U.S. Reps. Corrine Brown and Mario Diaz-Balart left the nation's capital for the Florida state capital on Monday to give their take on the potential impact of the proposed Fair Districts constitutional amendment for redistricting.
The representatives spoke at a joint meeting of the House and Senate redistricting committees, which have already begun dealing with the redistricting that will affect Florida's legislative and congressional seats before the 2012 elections.
Brown, a north Central Florida Democrat, cautioned that redistricting changes, particularly the new standards proposed in the Fair Districts amendment, could erode the hard-fought gains in representation achieved in recent decades.
"If it's in the Constitution and it's written a certain way, we could lose major minority representation," Brown said. "I am concerned.
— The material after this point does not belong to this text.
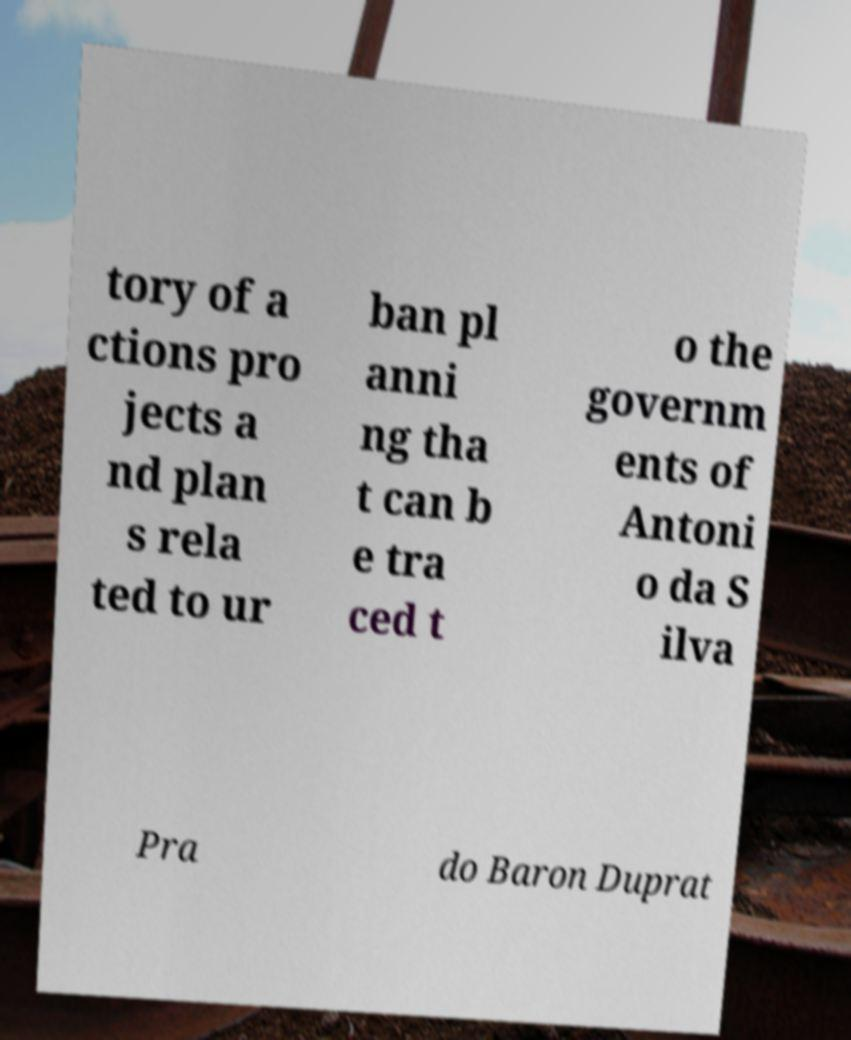Could you extract and type out the text from this image? tory of a ctions pro jects a nd plan s rela ted to ur ban pl anni ng tha t can b e tra ced t o the governm ents of Antoni o da S ilva Pra do Baron Duprat

I do not want to regress back to before 1992. So I do not support this initiative."
Echoed South Florida Republican Diaz-Balart, a Florida legislator for 14 years before going to Congress: "The initiative, I think, puts at risk the minority districts. ...this creates a set of standards that are conflicting. And it may take away the ability of the Florida Legislature to create districts that give minority communitues a chance to elect a minority representative. Looking at the standards proposed, I frankly don't know how any Legislature could comply."
Brown and Diaz-Balart were part of the lawsuit in 1992 that worked to ensure minority representation in largely minority districts in Florida. In his 14 years as a state legislator, Diaz-Balart, a Republican, participated in the 1990 and 2000 redistricting cycles.
"Do you know that before I got elected, we had not had an African American in Congress from Florida in 129 years,although we had the population of African Americans in Florida?" Brown told the state senators and representatives. "We have these pockets that have not had proper representation throughout the history of Florida. This is not about me, because I could die tomorrow. This is about making sure, as we move forward, that we have representation."
There are now three redistricting standards. The Fair Districts proposal would add six more, including not favoring or disfavoring a political party or an incumbent and making the district population as equal as "practicable."